В сонете он говорил о себе, о том, как, опоздавши к боям, он начинает свой путь в иные дни:
В прокрустовом ложе аллитераций и ассонансов Миколе Бажану уже становилось тесно. В одном из вышедших тогда сборников появилась статья, написанная тремя поэтами «Аспанфута» в форме беседы. Каждый из собеседников заявлял в ней свое творческое кредо. М. Семенко и Г. Шкурупий дразнили здесь Бажана за опубликованный сонет «архаистом». Сама форма сонета была для авангардистов отступничеством.
Бажан ответил беззлобно:
— Я вовсе не фанатик сонета. Просто я люблю хороший стих. Меня поражает порой, как за рифмой люди не видят стиха…
И снова:
— Я люблю хороший и умный стих. Я не верю, что у поэта мозги должны быть похожи на студень[4].

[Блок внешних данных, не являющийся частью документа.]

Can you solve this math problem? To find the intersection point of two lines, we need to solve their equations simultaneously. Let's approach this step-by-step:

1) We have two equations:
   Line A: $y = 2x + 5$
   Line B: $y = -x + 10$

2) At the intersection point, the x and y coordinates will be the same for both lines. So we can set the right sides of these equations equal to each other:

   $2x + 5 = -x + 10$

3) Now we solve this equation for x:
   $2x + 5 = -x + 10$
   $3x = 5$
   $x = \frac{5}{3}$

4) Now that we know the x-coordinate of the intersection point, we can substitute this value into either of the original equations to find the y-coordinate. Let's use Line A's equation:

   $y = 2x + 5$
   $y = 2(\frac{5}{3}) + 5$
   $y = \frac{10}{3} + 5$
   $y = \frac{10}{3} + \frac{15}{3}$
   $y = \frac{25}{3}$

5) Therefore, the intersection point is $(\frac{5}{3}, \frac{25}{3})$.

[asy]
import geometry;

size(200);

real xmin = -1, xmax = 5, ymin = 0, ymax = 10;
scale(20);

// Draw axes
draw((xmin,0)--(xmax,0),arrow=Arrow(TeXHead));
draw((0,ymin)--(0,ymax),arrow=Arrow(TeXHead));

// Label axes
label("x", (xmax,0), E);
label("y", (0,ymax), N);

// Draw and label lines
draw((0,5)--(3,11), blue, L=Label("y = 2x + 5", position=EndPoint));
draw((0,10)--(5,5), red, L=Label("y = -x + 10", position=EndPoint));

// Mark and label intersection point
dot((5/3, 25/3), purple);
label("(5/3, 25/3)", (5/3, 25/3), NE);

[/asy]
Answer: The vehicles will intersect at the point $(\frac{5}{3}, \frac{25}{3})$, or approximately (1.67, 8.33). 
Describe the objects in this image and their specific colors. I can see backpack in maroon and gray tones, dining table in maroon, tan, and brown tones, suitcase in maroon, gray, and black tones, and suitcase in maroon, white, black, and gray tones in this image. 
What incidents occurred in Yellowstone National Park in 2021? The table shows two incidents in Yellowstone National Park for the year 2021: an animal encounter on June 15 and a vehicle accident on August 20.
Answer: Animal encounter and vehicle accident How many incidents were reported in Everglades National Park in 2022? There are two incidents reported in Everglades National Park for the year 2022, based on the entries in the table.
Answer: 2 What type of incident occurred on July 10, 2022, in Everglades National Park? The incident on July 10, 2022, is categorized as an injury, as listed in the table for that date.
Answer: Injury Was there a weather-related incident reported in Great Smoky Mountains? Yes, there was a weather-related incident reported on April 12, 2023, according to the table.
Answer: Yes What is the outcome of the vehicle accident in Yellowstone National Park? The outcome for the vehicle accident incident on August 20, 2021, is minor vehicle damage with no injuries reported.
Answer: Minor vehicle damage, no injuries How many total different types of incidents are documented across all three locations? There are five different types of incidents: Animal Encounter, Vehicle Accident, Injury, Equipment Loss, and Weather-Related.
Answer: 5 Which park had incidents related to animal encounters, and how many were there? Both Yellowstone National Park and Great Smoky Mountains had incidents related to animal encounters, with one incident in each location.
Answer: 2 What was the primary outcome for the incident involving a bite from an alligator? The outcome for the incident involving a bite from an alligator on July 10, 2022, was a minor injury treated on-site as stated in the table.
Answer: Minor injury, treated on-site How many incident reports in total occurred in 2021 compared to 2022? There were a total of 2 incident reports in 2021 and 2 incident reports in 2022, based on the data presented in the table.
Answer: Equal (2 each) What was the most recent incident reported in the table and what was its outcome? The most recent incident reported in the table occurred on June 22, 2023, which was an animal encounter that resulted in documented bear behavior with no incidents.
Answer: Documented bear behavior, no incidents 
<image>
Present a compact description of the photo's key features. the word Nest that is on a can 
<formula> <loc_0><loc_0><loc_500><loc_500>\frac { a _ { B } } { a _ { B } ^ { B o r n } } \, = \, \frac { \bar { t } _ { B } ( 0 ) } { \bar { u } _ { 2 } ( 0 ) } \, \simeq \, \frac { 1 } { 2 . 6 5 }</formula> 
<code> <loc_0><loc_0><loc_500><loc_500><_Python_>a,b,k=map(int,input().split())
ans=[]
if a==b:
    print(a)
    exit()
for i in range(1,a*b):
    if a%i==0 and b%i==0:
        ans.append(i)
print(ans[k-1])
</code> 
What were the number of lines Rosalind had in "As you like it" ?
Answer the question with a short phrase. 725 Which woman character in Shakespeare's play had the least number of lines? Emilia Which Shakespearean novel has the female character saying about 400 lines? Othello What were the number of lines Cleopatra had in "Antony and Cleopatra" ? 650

Его тянуло к философической поэзии. Он писал о желтых черепах, что легли «межевыми камнями на скорбных перепутьях войн», о «Гамлете из союза совслужащих» и о том, как Достоевский приходит в киевскую комнатку поэта — на Крещатик, 50. Бажан писал о «яростных кострах готики» и о киевском барокко, соединившем в себе «щедрые ветви украинских врат» с «влажными акантами Коринфа». Тут уж авангардисты, простившие ему первый сонет, не стерпели, объявили ренегатом, подвергли остракизму, и Бажан начал печататься в столичных, академически респектабельных журналах. Работал он тогда во Всеукраинском фотокиноуправлении главным редактором.
В коммуне на Пушкинской его звали Платоновичем. Отчество пристало точнее любых прозвищ.
А было Платоновичу те же двадцать лет, что и Степе.
Юрий Яновский был года на два постарше.
Он тоже приезжал на Пушкинскую частым гостем и оставался подолгу. Как и Бажан, он работал редактором в сценарном отделе ВУФКУ.
Работа в кино увлекла в ту пору многих писателей, людей театра, художников. Индустрия искусства — это казалось романтическим знаком современности, и думалось также, что в поисках новых средств выражения для новых обстоятельств истории самый близкий путь искусства лежит именно через кинематограф.